[Recorded data]

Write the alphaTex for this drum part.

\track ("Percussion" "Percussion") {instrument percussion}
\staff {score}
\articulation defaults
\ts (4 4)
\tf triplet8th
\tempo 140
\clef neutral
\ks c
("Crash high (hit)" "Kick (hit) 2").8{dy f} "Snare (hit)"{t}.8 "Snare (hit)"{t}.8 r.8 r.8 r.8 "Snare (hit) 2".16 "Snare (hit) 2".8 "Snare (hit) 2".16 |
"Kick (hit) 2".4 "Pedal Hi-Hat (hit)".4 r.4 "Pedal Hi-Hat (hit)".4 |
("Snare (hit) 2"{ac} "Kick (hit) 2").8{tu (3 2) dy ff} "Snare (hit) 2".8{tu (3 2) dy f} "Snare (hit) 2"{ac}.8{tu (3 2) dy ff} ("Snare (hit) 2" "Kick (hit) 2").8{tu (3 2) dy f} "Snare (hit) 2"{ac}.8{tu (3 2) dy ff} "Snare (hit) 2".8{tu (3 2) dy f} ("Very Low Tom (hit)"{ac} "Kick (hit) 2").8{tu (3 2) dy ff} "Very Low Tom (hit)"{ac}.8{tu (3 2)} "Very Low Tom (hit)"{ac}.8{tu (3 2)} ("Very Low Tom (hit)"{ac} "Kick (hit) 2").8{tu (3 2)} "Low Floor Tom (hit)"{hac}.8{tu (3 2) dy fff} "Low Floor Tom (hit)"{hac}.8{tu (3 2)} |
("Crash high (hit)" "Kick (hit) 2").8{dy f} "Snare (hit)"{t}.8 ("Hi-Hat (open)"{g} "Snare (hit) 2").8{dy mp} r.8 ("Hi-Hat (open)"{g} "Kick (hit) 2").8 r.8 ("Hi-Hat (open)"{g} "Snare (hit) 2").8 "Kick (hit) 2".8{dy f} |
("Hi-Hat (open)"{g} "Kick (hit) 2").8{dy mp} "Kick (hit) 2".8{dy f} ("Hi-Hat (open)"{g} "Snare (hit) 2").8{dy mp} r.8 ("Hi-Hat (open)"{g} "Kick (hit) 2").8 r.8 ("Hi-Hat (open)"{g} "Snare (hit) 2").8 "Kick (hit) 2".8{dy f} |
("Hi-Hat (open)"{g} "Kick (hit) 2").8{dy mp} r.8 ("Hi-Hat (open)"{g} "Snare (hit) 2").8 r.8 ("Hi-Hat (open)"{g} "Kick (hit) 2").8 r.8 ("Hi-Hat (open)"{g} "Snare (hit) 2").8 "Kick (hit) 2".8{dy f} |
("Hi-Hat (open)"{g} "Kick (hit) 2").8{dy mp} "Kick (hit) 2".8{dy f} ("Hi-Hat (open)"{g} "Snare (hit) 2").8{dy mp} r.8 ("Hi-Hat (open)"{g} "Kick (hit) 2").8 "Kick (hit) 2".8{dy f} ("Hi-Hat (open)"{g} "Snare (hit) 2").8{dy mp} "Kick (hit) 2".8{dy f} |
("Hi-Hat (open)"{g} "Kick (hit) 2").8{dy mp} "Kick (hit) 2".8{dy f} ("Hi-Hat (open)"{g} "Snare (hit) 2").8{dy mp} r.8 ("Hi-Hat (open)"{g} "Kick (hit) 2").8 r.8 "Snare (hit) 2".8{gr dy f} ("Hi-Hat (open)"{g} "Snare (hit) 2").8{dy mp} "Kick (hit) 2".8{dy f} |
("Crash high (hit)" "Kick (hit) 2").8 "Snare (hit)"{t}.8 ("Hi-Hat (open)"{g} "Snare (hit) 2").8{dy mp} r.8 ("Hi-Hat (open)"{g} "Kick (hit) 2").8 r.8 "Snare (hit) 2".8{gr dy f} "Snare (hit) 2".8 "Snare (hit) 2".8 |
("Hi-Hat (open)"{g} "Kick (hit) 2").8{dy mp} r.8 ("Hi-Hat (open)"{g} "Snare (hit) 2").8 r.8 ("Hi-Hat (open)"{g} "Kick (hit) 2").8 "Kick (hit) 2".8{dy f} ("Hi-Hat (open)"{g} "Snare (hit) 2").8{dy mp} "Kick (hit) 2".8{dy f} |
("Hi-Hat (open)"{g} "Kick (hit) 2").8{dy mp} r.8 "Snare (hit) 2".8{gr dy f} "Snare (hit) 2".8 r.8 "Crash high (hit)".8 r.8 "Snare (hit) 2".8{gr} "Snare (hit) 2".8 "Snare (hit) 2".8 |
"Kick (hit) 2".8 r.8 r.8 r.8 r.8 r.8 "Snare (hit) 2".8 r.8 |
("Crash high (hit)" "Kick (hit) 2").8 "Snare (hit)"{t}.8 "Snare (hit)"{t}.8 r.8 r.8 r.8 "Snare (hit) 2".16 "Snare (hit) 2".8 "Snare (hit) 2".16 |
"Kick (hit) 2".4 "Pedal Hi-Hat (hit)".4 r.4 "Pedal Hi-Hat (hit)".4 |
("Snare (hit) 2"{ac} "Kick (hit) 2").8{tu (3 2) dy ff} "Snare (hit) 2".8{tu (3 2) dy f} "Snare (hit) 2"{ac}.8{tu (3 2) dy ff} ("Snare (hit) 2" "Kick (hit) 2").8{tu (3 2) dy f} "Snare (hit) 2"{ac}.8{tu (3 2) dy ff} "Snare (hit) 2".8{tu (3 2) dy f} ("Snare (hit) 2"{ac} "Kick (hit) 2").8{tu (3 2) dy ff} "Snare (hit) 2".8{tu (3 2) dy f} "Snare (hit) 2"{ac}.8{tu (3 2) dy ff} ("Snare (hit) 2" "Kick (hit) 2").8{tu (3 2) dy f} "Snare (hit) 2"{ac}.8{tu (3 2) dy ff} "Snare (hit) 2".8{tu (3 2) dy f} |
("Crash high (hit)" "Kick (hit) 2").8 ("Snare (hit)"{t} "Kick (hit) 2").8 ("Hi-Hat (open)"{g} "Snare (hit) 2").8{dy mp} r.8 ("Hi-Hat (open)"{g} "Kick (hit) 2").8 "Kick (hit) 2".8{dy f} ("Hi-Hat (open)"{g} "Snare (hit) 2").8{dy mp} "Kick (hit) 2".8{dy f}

- TASK TO CARRY OUT
Show every line of the records above that contains the word "high".

- EXERCISE SOLUTION
("Crash high (hit)" "Kick (hit) 2").8{dy f} "Snare (hit)"{t}.8 "Snare (hit)"{t}.8 r.8 r.8 r.8 "Snare (hit) 2".16 "Snare (hit) 2".8 "Snare (hit) 2".16 |
("Crash high (hit)" "Kick (hit) 2").8{dy f} "Snare (hit)"{t}.8 ("Hi-Hat (open)"{g} "Snare (hit) 2").8{dy mp} r.8 ("Hi-Hat (open)"{g} "Kick (hit) 2").8 r.8 ("Hi-Hat (open)"{g} "Snare (hit) 2").8 "Kick (hit) 2".8{dy f} |
("Crash high (hit)" "Kick (hit) 2").8 "Snare (hit)"{t}.8 ("Hi-Hat (open)"{g} "Snare (hit) 2").8{dy mp} r.8 ("Hi-Hat (open)"{g} "Kick (hit) 2").8 r.8 "Snare (hit) 2".8{gr dy f} "Snare (hit) 2".8 "Snare (hit) 2".8 |
("Hi-Hat (open)"{g} "Kick (hit) 2").8{dy mp} r.8 "Snare (hit) 2".8{gr dy f} "Snare (hit) 2".8 r.8 "Crash high (hit)".8 r.8 "Snare (hit) 2".8{gr} "Snare (hit) 2".8 "Snare (hit) 2".8 |
("Crash high (hit)" "Kick (hit) 2").8 "Snare (hit)"{t}.8 "Snare (hit)"{t}.8 r.8 r.8 r.8 "Snare (hit) 2".16 "Snare (hit) 2".8 "Snare (hit) 2".16 |
("Crash high (hit)" "Kick (hit) 2").8 ("Snare (hit)"{t} "Kick (hit) 2").8 ("Hi-Hat (open)"{g} "Snare (hit) 2").8{dy mp} r.8 ("Hi-Hat (open)"{g} "Kick (hit) 2").8 "Kick (hit) 2".8{dy f} ("Hi-Hat (open)"{g} "Snare (hit) 2").8{dy mp} "Kick (hit) 2".8{dy f}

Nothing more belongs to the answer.